UNEMPLOYMENT INSURANCE DECISION
Hearing No. 06401718AP


An administrative law judge (ALJ) for the Division of Unemployment Insurance of the Department of Workforce Development issued a decision in this matter. A timely petition for review was filed.

The commission has considered the petition and the positions of the parties, and it has reviewed the evidence submitted to the ALJ. Based on its review, the commission makes the following:

FINDINGS OF FACT AND CONCLUSIONS OF LAW

The employee worked almost two years (1)  as an administrative assistant for the employer, an Indian tribal government. The employee was discharged by letter on June 20, 2006 (week 25) for three absences without proper notice.

The employer's disciplinary policies provide for two disciplinary actions before a discharge for absence without notice. A worker is expected to provide notice of an absence within two hours of his or her start time. Whether a worker receives discipline upon the first such absence is at the discretion of the worker's supervisor.

On May 19, 2005, the employee received a written warning for failing to give notice of her absence on the previous day. The warning informed her that the next infraction would result in a three-day suspension without pay. At the time of the warning, the employee disputed that her absence was without notice and the employer's director of aging suggested that the employee verify her "call in" with another worker after leaving a voicemail message of her absence with the director.

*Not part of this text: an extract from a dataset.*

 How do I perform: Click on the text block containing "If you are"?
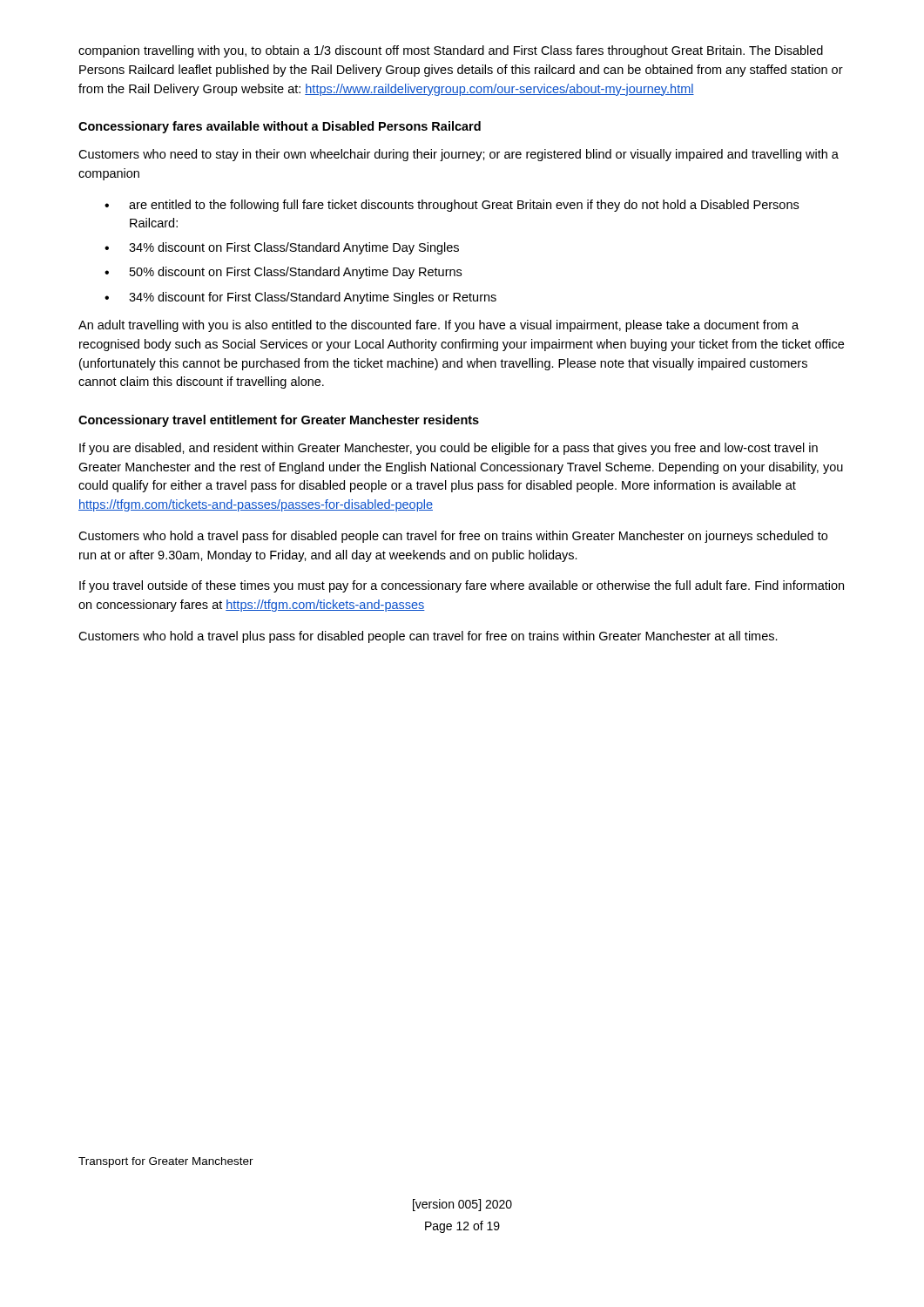click(461, 476)
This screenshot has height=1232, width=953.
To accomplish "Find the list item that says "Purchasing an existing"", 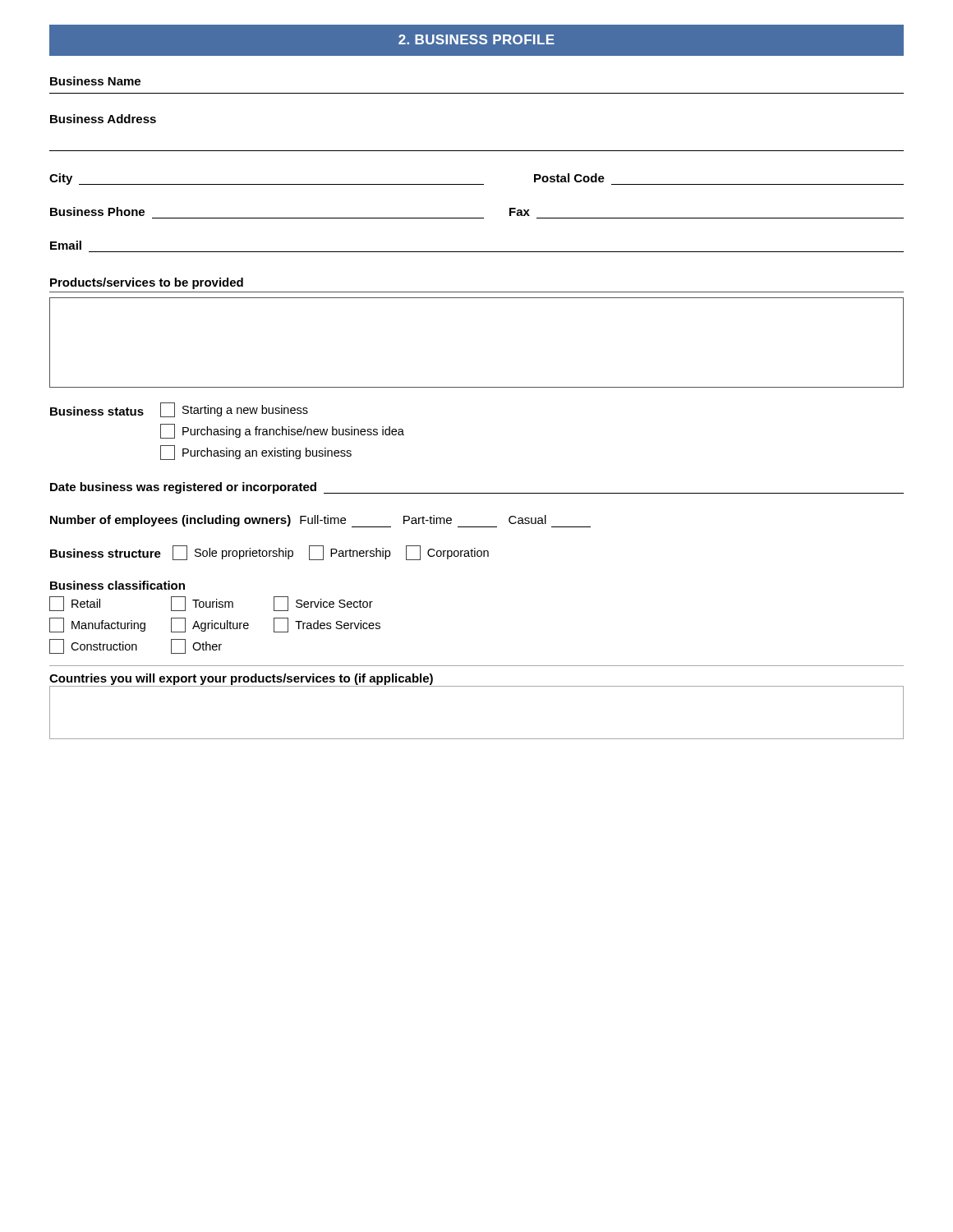I will pyautogui.click(x=256, y=453).

From November 7 through 9, 2005, the employee was suspended as part of a disciplinary action for failing to give notice of her absence on October 28, 2005. In particular, the employee originally notified the employer that she would be absent in the morning but would report to work by noon. However, the employee did not report to work or contact the employer regarding her absence in the afternoon. The notice informed her that the next similar occurrence would result in "further disciplinary action up to and including termination."

On June 20, 2006, the employee was discharged by letter for her absence that day without notice. This last absence was due to an ongoing personal issue for which the employee entered in-patient treatment on June 21, 2006.  
 

Procedural Irregularity

Following a review of the synopsis and the digital record, a procedural irregularity was noted and highlights a difficulty with telephone hearings. In particular, the employer's witnesses failed to follow proper hearing procedures, resulting in confusion regarding who was testifying, whether the individual was under oath and whether the employee had the opportunity to cross-examine all employer witnesses.

Thus, prior to review of the merits of the employee's petition asserting that her discharge was not for misconduct, the commission must first decide whether the parties were afforded a reasonable opportunity to be heard within the meaning of Wis. Stat. § 108.09(4)(a).  (2)

Wis. Stat. § 108.09(5)(a) provides, in relevant part, that

. . . the conduct of hearings and appeals shall be governed by general department rules, whether or not they conform to common law or statutory rules of evidence and other technical rules of procedure for determining the rights of the parties.

Wis. Admin. Code § § DWD 140.16 (1) and (2) provide that the "[s]tatutory and common law rules of evidence and rules of procedure applicable to courts of record are not controlling" with the administrative law judge charged with the responsibility to "secure the facts in as direct and simple a manner as possible."

Wis. Admin. Code § DWD 140.15 (1) requires that all testimony be given under "oath or affirmation" with the administrative law judge administering the oath or affirmation to each witness and with each party "given the opportunity to examine and cross-examine witnesses."

In this case, both parties appeared by telephone. Appearing on behalf of the employer was Ms. Okimosh, the employer's representative/the employee relations coordinator, and Ms. Kotschi, the employer's witness/the aging director; they participated sharing a speakerphone together. After taking position statements and explaining the hearing procedures,  (3)  the administrative law judge asked Ms. Okimosh who would be testifying on the employer's behalf. Ms. Okimosh indicated that Ms. Kotschi would be the witness and that she, Ms. Okimosh, did not plan to provide testimony.

The administrative law judge administered the oath to Ms. Kotschi and began questioning her. Then, unbeknownst to the administrative law judge, during the questioning of Ms. Kotschi, Ms. Okimosh started answering the administrative law judge's questions.  (4)   Approximately 17 minutes into the digital record, the administrative law judge realized that Ms. Okimosh was answering questions on behalf of the employer. The administrative law judge attempted to "clean this up" by verifying that Ms. Okimosh understood that her statements were under oath, and asking the employee whether she had any questions for Ms. Okimosh. Thereafter, the administrative law judge reprimanded the employer's representative for this improper behavior. During the reprimand, it became clear that Ms. Okimosh was not the individual originally placed under oath. The administrative law judge administered the oath to Ms. Okimosh and determined at what point Ms. Okimosh improperly started answering questions. Thereafter, the administrative law judge resumed questioning Ms. Kotschi. When the administrative law judge concluded questioning Ms. Kotschi, she gave both Ms. Okimosh and the employee the opportunity to question her.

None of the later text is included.